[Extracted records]

○ ○ ○

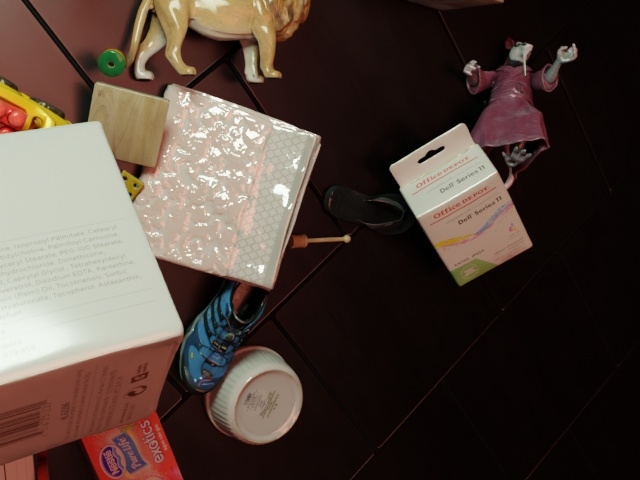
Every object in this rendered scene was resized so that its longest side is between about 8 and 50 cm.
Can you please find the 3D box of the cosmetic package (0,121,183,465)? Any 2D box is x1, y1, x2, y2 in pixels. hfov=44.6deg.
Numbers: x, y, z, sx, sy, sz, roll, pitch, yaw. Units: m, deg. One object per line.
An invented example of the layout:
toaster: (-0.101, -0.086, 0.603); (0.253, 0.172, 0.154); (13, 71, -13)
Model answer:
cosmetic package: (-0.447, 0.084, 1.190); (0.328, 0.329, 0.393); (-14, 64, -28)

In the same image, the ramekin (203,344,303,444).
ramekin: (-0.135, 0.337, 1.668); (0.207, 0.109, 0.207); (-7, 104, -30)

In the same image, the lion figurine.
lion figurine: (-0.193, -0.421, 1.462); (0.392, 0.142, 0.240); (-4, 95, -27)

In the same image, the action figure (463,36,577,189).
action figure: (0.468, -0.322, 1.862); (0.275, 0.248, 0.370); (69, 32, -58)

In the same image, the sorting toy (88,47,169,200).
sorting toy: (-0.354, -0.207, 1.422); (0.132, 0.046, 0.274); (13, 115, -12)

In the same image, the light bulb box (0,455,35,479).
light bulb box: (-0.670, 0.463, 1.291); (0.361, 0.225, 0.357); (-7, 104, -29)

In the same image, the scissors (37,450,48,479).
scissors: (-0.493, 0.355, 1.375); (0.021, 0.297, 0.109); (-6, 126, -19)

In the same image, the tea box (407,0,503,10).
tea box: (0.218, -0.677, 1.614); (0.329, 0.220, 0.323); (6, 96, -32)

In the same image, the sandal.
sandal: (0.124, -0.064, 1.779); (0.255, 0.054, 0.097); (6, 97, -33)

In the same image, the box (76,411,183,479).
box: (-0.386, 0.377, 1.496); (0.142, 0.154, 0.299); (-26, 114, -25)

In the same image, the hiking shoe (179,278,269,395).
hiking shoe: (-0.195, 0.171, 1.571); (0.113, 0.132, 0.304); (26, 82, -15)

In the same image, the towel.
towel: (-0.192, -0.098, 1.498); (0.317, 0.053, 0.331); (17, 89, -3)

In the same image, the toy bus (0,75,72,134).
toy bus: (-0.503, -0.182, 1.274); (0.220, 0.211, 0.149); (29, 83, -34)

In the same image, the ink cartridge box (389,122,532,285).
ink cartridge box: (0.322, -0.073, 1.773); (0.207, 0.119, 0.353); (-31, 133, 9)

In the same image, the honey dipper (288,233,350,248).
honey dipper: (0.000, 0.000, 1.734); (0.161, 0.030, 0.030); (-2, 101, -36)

○ ○ ○

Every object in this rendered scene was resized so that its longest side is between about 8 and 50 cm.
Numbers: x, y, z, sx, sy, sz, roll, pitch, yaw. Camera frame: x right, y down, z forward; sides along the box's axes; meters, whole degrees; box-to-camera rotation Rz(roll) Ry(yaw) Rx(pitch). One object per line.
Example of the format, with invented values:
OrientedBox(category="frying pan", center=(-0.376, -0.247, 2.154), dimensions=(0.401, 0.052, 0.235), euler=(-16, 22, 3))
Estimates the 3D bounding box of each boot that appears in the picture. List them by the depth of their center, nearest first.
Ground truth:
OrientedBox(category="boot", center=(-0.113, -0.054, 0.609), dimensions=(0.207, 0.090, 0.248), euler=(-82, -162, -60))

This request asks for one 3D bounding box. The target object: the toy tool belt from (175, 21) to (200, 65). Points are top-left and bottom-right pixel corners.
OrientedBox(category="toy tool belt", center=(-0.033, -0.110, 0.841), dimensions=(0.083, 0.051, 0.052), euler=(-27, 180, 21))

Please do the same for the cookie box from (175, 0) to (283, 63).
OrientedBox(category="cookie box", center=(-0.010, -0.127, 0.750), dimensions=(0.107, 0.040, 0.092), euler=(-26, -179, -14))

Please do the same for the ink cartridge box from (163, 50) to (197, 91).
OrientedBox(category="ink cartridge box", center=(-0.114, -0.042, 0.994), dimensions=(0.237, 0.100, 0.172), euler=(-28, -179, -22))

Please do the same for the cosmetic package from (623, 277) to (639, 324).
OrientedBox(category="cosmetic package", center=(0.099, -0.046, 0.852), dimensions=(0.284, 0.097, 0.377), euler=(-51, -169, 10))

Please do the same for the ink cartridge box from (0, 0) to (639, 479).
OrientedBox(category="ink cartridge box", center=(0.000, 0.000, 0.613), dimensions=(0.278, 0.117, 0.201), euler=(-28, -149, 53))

○ ○ ○

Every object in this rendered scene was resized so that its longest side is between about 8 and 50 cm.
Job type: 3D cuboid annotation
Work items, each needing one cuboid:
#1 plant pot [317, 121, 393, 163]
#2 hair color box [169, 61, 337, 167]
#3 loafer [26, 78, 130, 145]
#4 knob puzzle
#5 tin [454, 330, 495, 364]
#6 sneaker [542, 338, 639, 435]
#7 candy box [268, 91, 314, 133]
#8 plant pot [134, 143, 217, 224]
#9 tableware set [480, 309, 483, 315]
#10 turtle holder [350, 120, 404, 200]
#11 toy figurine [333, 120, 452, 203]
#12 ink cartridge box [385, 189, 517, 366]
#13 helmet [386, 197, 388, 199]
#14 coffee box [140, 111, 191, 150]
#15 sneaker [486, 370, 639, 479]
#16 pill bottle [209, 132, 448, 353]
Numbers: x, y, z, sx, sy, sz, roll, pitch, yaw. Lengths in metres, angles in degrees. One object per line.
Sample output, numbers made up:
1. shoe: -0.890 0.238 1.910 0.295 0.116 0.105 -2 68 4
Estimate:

○ ○ ○

◆ What you need to do ◆
Reproduce the lines above, beginning at the line with "#7 candy box [268, 91, 314, 133]" and stopping after the line with "#16 pill bottle [209, 132, 448, 353]", exactly as they are.

◆ Answer for the task ◆
#7 candy box [268, 91, 314, 133]
#8 plant pot [134, 143, 217, 224]
#9 tableware set [480, 309, 483, 315]
#10 turtle holder [350, 120, 404, 200]
#11 toy figurine [333, 120, 452, 203]
#12 ink cartridge box [385, 189, 517, 366]
#13 helmet [386, 197, 388, 199]
#14 coffee box [140, 111, 191, 150]
#15 sneaker [486, 370, 639, 479]
#16 pill bottle [209, 132, 448, 353]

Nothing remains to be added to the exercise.